- Records for the task:
◇ ◇ ◇ ◇ ◇ ◇ ◇
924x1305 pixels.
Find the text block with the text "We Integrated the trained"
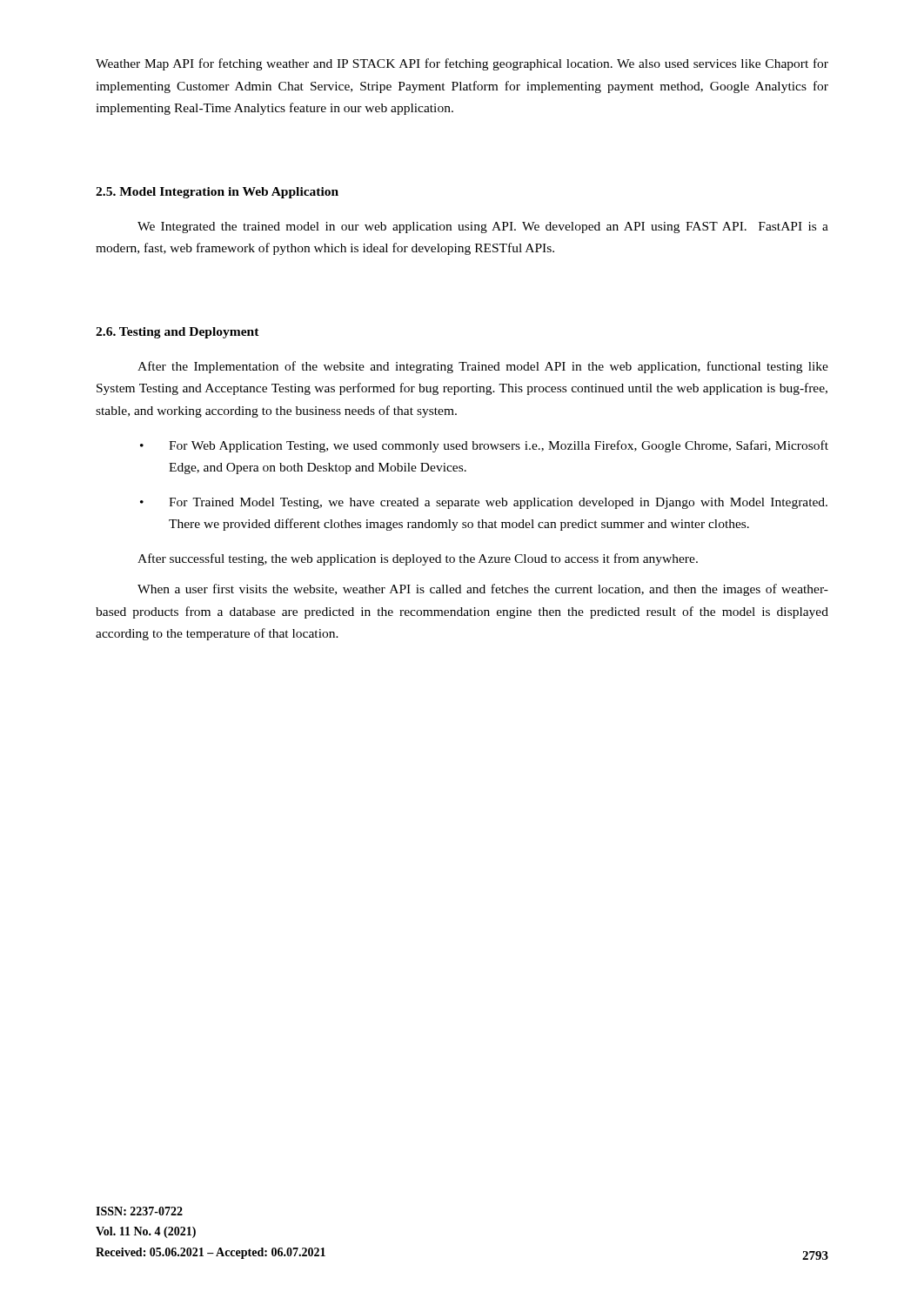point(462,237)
◇ ◇ ◇ ◇ ◇ ◇ ◇
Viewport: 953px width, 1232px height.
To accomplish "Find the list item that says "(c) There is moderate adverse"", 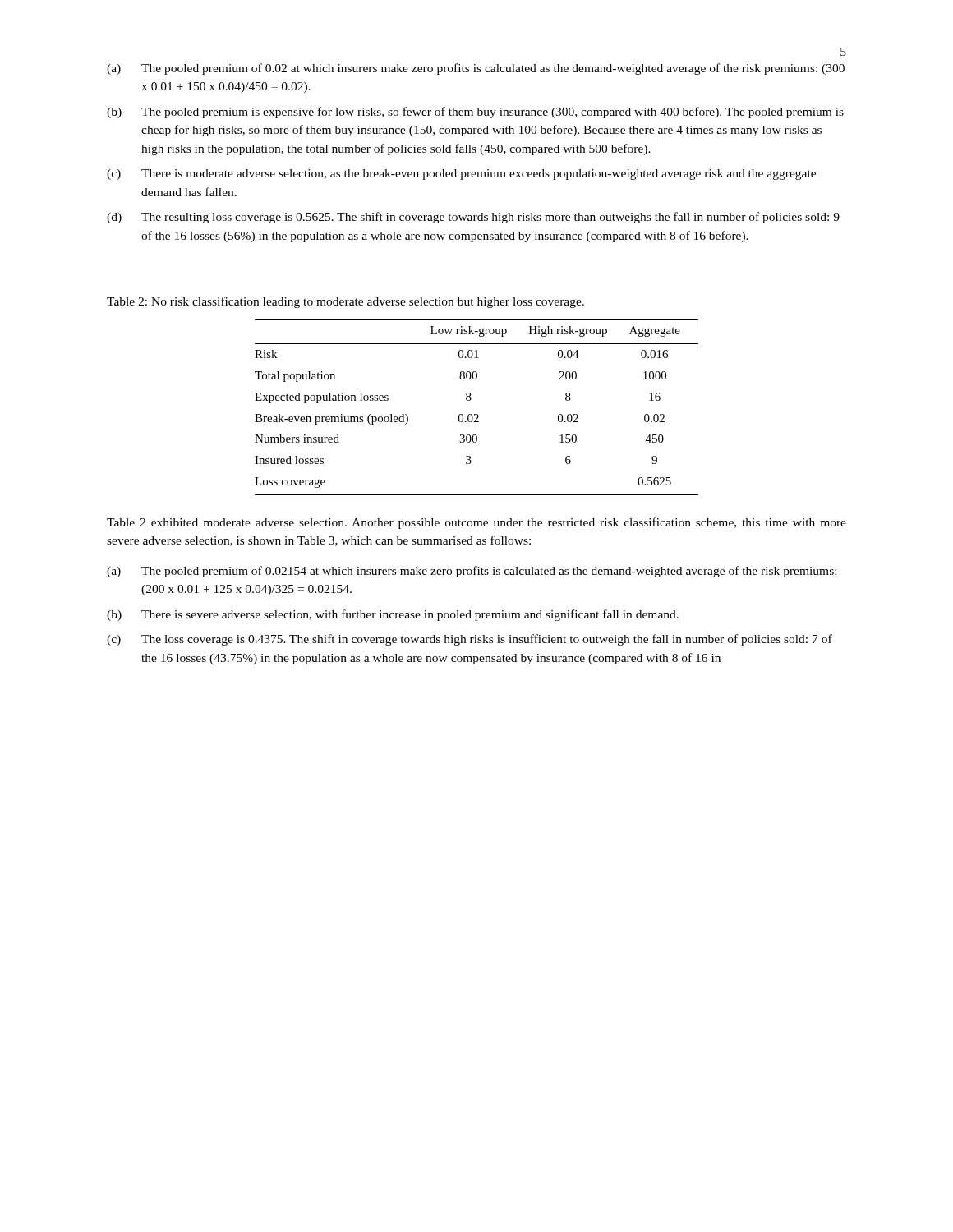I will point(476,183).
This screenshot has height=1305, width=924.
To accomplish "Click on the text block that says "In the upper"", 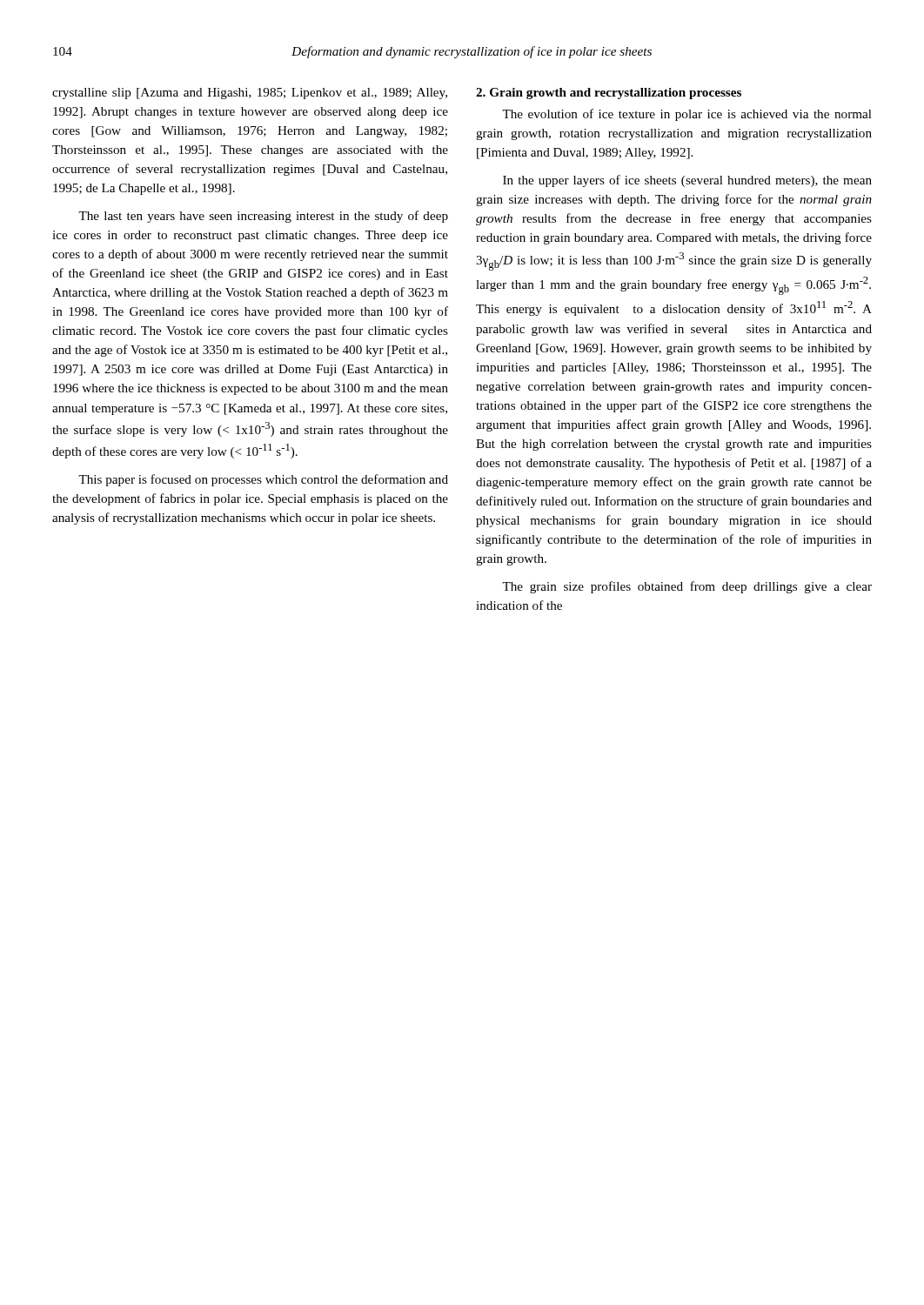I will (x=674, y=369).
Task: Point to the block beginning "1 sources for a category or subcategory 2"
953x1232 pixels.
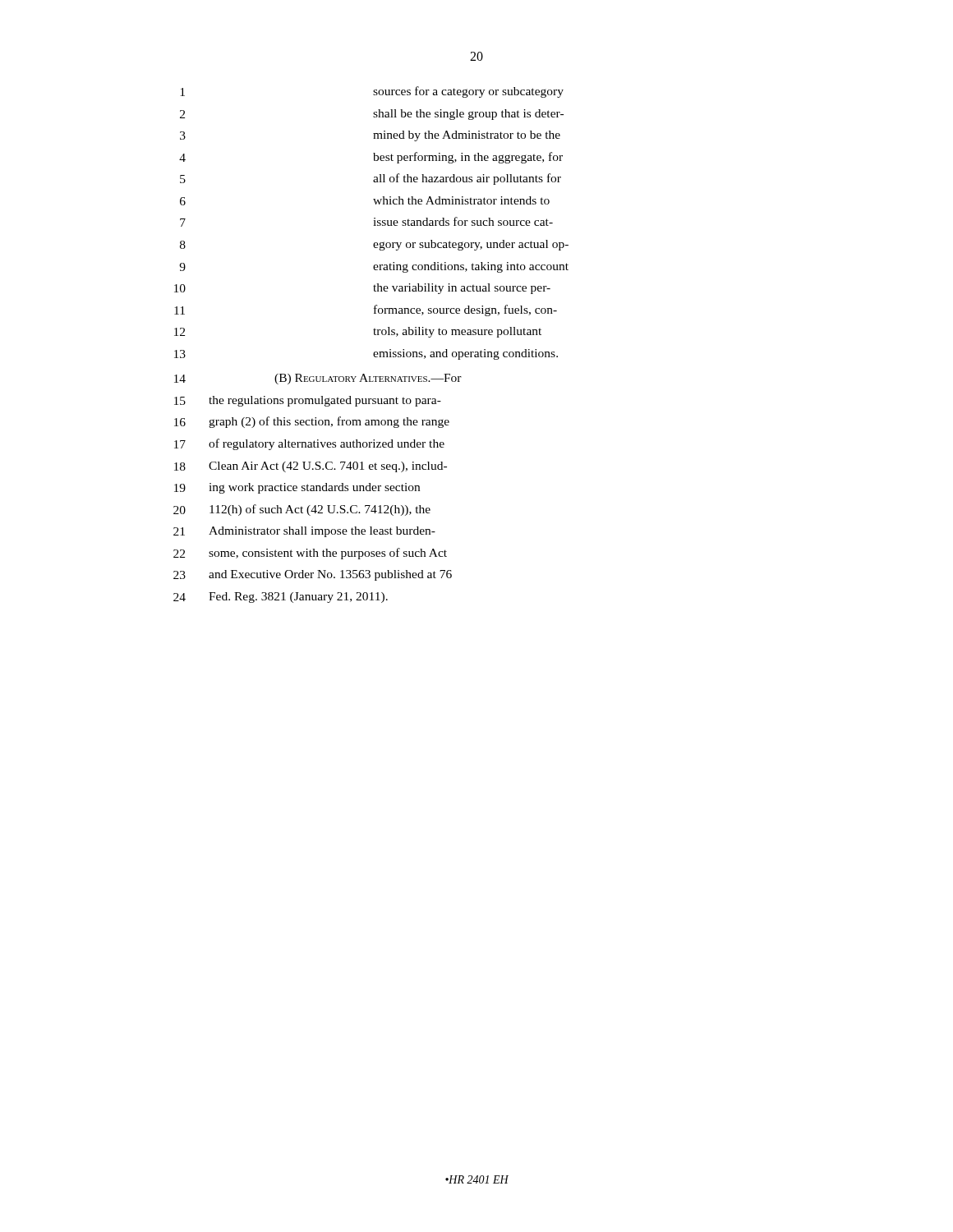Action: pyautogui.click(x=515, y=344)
◇ ◇ ◇ ◇ ◇ ◇ ◇
- Aim of the task:
Find all lines holding the word "width" in the records above and copy them.

- Solved problem:
Viewport: 953px width, 1232px height.
This screenshot has height=1305, width=924.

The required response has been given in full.